The schema is intentionally **tolerant of extra fields** (additive forward compatibility) but strict on the types of fields it reads. A single corrupted field (e.g., `NaN` in `lastVisitedAtByWorktreeId`) is stripped rather than failing the entire session, keeping the blast radius small.

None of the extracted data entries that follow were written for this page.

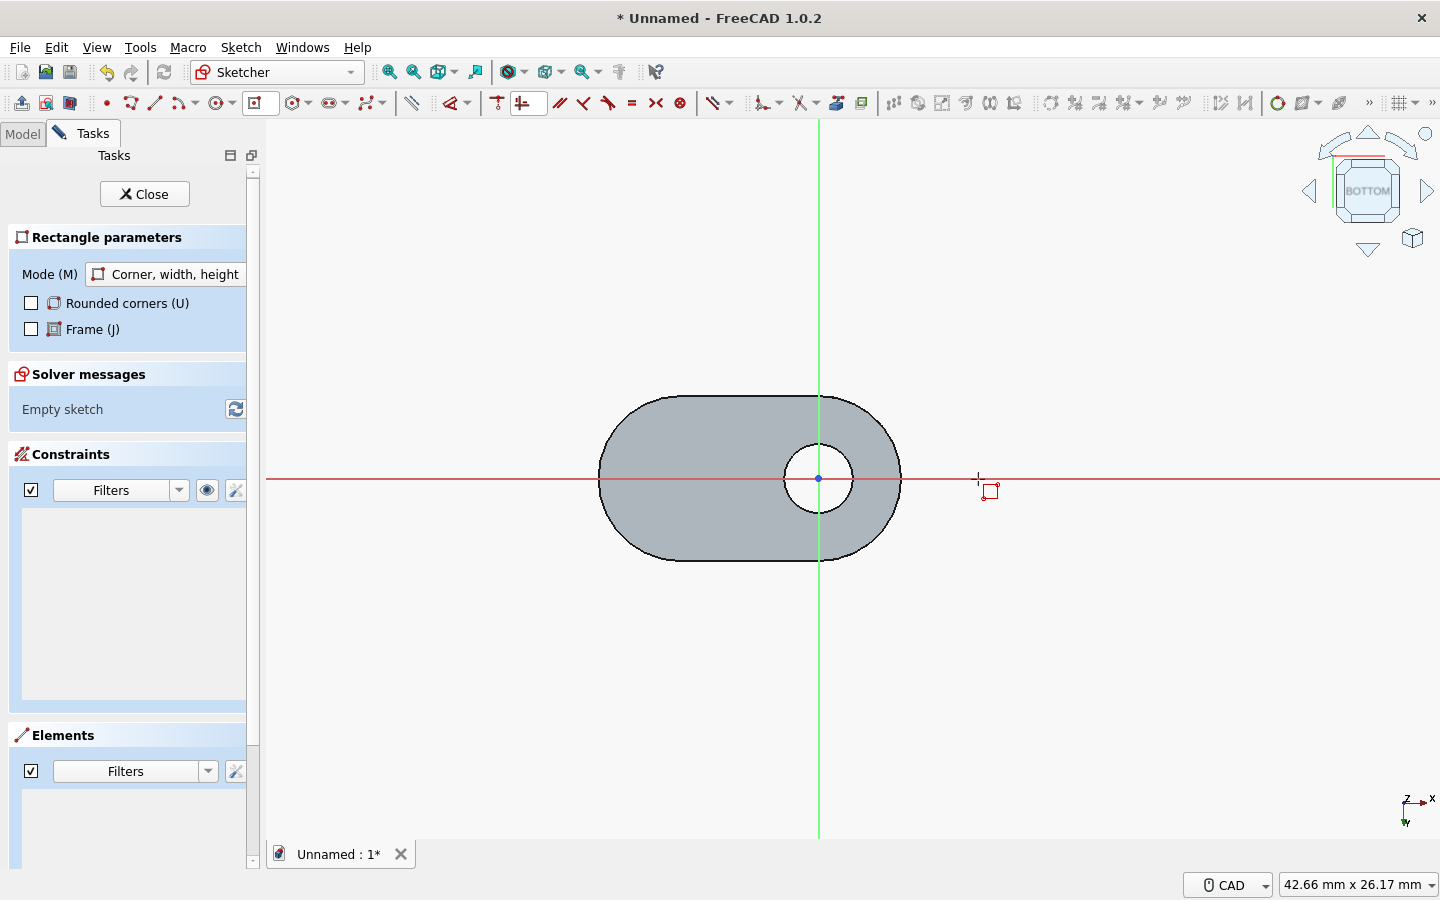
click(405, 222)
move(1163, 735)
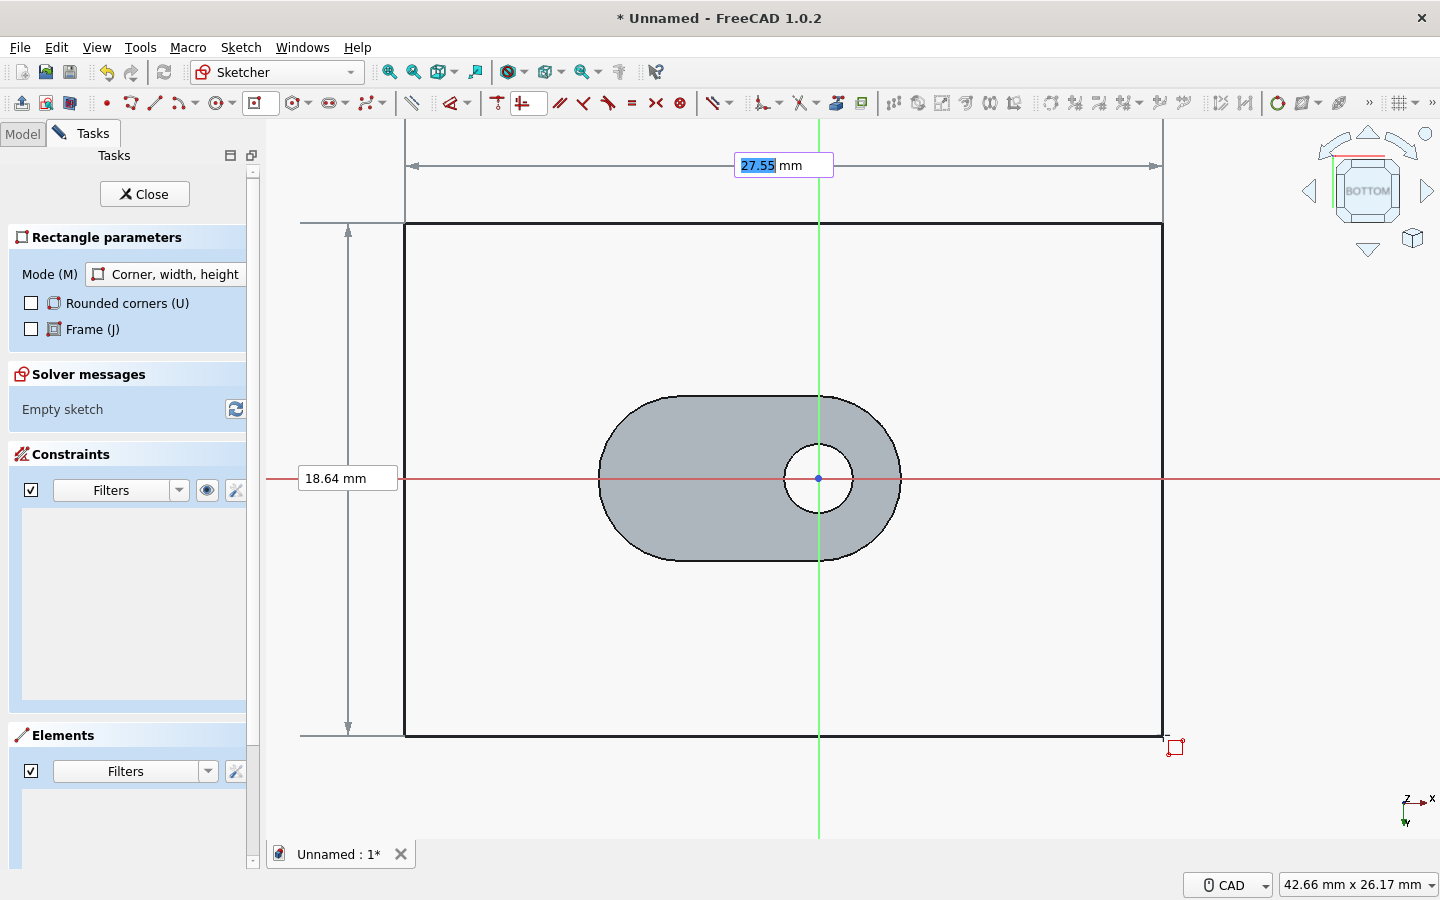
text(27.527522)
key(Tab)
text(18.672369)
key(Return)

Sources: [src/shared/workspace-session-schema.ts:1-30](), [src/shared/workspace-session-schema.ts:205-240]()

---

## Orchestration UI Model

`AGENTS_STEPS` in `src/shared/agents-orchestration-steps.ts` defines the three informational steps shown in Orca's "Explore Orca" onboarding modal:

| Step ID | Name | Role |
|---|---|---|
| `statuses` | Visibility | Shows which agents are working, waiting, live, or blocked |
| `orchestration` | Orchestration | Explains how agents can manage and coordinate workspaces |
| `usage` | Usage *(optional)* | API usage and rate-limit monitoring across connected accounts |

These steps are UI copy; the orchestration engine itself lives in the IPC and runtime layers described above.

---

## Data Flow Summary

```text
Renderer (React)
  │  worktrees:create / worktrees:remove / worktrees:listAll
  ▼
registerWorktreeHandlers   (src/main/ipc/worktrees.ts)
  ├─ listRepoWorktrees      → git worktree list  /  SSH provider  /  folder stub
  ├─ worktree-removal-safety → isDangerousPath, git registration, orphan proof
  ├─ hooks (orca.yaml)      → setup runner  /  archive hook  /  issue-command
  ├─ agent-trust-presets    → Cursor / Copilot / Codex trust files
  └─ AgentAwakeService      → Electron powerSaveBlocker + macOS/Linux assertions
```

Each worktree that Orca creates carries:
- A stable `{repoId}::{worktreePath}` identity used by PTY sessions, tabs, editors, and browsers.
- `WorktreeMeta` persisted in the store with provenance fields (`orcaCreatedAt`, `orcaCreationSource`) that gate safe cleanup later.
- Platform-specific runner scripts written into the git storage directory so setup and teardown commands do not depend on the renderer remaining open.

When agents finish and worktrees are removed, the archive hook runs first, PTY processes are killed, git deregisters the worktree, and the store prunes the metadata — leaving no stale git locks or dangling session state.